## The problem
Once the line with "3. pin 1: stops at z = 4.8" is found in the entries below, print it and each following line exactly, stopping after the line with "5. face 1: undercut"; print nothing else.

## Data excerpts
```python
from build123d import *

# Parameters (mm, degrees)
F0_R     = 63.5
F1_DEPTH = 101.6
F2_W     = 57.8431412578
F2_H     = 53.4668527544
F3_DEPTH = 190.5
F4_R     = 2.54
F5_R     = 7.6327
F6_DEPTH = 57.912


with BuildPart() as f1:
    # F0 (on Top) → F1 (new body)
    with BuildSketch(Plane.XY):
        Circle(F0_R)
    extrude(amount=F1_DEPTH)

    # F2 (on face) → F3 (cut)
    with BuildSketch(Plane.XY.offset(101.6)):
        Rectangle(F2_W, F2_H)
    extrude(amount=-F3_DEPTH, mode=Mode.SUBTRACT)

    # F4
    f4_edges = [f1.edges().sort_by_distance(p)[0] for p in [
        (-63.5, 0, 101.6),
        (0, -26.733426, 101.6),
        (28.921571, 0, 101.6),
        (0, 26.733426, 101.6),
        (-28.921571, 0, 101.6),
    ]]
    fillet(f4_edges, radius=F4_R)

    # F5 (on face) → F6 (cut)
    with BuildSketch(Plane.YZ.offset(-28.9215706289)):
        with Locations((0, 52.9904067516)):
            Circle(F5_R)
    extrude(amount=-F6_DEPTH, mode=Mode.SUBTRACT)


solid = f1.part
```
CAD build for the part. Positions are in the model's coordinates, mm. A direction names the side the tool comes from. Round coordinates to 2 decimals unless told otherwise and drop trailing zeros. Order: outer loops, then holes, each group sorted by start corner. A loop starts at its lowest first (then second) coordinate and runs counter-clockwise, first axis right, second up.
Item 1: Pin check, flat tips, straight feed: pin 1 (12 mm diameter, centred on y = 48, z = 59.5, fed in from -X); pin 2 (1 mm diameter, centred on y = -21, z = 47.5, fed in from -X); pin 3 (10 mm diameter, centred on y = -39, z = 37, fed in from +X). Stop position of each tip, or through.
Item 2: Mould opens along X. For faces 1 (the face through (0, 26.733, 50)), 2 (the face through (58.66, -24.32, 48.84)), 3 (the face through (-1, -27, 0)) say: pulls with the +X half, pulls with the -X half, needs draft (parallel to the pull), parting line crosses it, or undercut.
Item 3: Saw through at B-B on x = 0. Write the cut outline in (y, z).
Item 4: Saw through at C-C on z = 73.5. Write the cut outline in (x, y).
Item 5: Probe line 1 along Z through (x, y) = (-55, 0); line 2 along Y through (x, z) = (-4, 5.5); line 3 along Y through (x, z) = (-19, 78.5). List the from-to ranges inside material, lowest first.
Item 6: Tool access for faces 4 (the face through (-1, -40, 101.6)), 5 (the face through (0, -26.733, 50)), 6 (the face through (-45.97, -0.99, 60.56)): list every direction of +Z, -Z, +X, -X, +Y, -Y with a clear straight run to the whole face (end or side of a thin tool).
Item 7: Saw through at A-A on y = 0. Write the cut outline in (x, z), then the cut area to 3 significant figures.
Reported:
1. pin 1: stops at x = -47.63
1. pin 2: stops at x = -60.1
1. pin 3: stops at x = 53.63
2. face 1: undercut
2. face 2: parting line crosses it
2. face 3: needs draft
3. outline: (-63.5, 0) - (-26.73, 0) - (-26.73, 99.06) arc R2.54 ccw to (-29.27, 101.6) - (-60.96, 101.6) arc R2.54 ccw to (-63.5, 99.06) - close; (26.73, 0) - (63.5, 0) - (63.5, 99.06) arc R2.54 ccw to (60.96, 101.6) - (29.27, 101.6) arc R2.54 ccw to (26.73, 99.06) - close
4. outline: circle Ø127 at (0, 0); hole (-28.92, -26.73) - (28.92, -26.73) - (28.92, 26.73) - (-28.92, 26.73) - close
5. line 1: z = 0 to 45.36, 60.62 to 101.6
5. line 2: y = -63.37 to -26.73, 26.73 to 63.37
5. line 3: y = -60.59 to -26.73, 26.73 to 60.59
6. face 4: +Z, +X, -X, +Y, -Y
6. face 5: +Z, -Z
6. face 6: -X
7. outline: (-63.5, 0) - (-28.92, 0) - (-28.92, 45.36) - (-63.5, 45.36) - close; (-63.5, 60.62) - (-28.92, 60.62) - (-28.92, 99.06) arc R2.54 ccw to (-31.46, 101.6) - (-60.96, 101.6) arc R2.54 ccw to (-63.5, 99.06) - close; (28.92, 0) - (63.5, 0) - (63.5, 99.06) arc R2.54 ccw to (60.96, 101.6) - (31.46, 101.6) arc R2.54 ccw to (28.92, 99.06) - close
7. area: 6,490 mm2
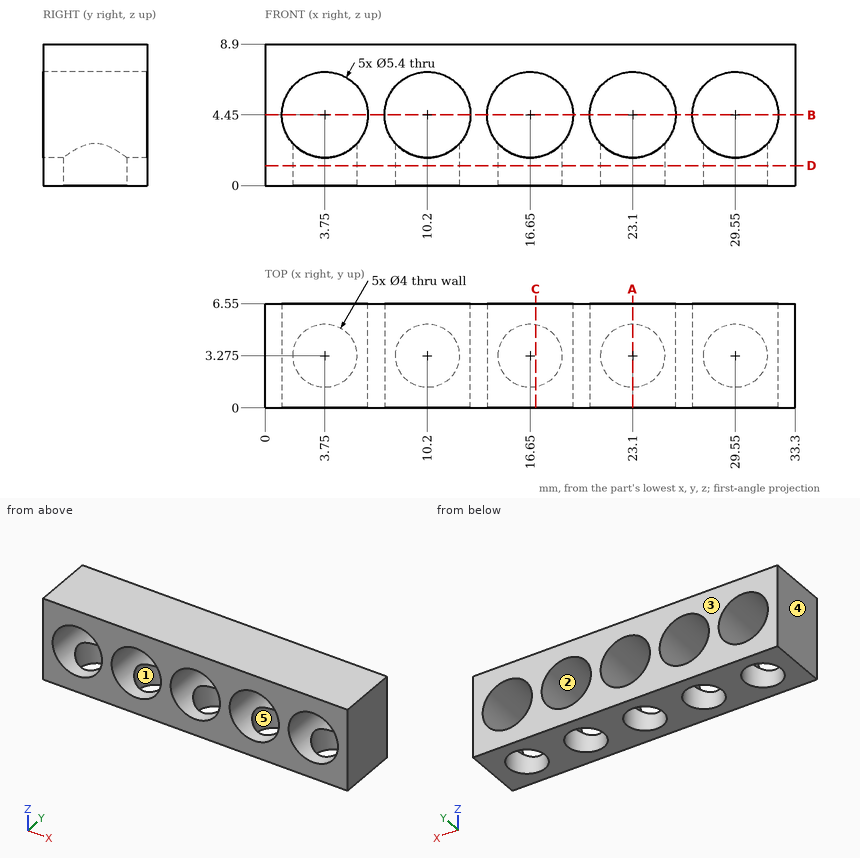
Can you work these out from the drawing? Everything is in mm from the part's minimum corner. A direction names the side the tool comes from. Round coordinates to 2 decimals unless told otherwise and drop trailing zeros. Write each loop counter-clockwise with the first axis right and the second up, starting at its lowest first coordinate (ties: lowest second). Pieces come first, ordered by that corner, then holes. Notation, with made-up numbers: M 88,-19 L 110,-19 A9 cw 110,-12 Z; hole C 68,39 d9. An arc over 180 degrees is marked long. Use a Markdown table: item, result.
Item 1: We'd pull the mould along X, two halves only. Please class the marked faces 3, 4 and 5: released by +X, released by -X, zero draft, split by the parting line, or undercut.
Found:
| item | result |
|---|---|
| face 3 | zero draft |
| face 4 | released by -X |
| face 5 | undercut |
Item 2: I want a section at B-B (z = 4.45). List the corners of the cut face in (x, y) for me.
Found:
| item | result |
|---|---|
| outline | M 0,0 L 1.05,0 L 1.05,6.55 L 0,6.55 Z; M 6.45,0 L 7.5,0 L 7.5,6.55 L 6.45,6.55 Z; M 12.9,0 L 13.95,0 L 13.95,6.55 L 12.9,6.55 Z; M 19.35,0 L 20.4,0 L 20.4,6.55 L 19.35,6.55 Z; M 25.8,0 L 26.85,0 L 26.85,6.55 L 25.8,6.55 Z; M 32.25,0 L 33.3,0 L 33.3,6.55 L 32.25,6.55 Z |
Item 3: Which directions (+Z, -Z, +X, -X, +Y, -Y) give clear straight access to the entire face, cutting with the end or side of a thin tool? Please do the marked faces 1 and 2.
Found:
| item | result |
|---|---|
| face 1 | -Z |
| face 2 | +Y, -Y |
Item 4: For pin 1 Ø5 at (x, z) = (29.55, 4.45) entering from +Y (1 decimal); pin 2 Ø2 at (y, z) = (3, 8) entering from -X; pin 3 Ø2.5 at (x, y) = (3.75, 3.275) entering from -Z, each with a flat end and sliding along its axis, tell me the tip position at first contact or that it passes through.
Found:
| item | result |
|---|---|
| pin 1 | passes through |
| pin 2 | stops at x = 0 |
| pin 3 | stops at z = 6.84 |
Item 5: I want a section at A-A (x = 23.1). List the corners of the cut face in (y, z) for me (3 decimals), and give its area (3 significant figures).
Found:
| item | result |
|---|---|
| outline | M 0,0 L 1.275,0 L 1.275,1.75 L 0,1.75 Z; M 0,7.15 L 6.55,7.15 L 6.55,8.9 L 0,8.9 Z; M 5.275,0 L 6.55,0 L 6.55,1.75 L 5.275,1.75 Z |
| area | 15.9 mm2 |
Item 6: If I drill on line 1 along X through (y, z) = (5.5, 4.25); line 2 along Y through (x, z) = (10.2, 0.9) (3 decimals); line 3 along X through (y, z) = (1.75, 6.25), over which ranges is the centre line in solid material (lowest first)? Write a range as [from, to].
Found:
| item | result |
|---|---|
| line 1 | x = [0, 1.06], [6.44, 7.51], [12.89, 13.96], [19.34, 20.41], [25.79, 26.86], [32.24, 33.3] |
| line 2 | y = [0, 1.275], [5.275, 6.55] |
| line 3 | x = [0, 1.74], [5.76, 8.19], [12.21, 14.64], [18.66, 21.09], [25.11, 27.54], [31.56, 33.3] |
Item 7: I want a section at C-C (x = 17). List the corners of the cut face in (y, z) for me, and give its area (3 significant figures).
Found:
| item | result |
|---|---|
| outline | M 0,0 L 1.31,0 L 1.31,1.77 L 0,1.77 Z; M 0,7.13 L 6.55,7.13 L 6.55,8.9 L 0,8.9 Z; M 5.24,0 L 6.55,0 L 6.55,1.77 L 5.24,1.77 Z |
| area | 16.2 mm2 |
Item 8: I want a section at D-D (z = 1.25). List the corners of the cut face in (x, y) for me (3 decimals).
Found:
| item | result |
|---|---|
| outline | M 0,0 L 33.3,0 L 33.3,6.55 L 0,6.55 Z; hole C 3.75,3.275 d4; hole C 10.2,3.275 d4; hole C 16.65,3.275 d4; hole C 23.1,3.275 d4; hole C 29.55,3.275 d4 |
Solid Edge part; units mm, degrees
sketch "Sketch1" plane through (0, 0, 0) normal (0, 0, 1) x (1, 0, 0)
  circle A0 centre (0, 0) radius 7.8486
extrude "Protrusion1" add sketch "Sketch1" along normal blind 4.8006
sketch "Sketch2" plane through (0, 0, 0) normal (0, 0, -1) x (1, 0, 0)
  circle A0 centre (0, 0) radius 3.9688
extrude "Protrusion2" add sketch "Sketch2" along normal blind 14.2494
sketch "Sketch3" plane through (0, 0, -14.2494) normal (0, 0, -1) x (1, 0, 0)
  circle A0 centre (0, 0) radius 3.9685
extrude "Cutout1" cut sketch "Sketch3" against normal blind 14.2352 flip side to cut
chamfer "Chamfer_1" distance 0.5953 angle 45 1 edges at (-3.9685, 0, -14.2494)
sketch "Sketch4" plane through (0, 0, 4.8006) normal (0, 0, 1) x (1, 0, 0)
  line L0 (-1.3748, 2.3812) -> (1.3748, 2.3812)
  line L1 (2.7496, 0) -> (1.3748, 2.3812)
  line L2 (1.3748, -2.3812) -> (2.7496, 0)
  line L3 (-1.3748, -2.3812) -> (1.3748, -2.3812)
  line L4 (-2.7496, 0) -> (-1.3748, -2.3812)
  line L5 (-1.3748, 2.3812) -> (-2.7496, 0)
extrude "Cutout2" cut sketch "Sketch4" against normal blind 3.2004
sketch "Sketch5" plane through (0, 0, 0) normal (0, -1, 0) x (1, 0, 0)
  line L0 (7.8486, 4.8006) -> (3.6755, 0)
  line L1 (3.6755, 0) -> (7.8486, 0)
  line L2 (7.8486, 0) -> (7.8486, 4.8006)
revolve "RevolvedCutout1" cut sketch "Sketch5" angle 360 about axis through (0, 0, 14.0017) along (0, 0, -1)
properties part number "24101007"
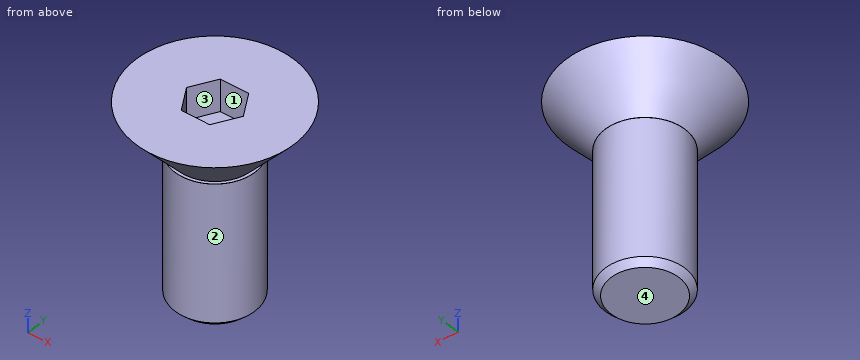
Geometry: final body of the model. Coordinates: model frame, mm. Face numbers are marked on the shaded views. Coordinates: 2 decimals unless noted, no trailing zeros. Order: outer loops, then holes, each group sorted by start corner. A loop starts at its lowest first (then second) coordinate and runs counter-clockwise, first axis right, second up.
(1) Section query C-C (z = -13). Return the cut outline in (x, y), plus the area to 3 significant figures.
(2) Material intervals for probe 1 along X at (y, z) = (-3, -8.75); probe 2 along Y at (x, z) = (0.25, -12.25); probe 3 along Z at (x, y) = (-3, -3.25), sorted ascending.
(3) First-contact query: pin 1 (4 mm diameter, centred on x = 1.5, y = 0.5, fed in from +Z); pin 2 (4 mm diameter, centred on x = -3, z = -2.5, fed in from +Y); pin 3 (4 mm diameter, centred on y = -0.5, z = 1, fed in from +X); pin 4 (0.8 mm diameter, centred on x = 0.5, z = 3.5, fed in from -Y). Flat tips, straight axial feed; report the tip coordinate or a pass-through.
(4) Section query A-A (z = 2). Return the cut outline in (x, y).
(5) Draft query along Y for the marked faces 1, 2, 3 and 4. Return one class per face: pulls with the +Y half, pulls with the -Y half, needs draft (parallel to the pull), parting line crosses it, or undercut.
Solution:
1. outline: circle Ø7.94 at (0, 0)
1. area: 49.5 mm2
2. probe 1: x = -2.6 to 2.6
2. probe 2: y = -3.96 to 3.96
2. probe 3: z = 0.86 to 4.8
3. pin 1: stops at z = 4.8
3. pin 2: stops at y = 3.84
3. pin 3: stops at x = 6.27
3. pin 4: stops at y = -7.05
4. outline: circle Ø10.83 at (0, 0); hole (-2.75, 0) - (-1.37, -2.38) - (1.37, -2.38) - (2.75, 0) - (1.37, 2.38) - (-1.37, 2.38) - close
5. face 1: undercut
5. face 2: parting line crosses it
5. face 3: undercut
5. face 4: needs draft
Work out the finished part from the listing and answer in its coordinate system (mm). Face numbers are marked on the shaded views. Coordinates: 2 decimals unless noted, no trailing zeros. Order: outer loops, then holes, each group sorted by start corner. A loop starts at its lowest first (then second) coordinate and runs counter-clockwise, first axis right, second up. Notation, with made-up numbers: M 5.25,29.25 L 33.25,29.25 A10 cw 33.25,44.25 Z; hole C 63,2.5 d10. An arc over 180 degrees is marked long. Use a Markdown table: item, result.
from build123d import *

## Written reply
3. pin 1: stops at z = 4.8
3. pin 2: stops at y = 3.84
3. pin 3: stops at x = 6.27
3. pin 4: stops at y = -7.05
4. outline: circle Ø10.83 at (0, 0); hole (-2.75, 0) - (-1.37, -2.38) - (1.37, -2.38) - (2.75, 0) - (1.37, 2.38) - (-1.37, 2.38) - close
5. face 1: undercut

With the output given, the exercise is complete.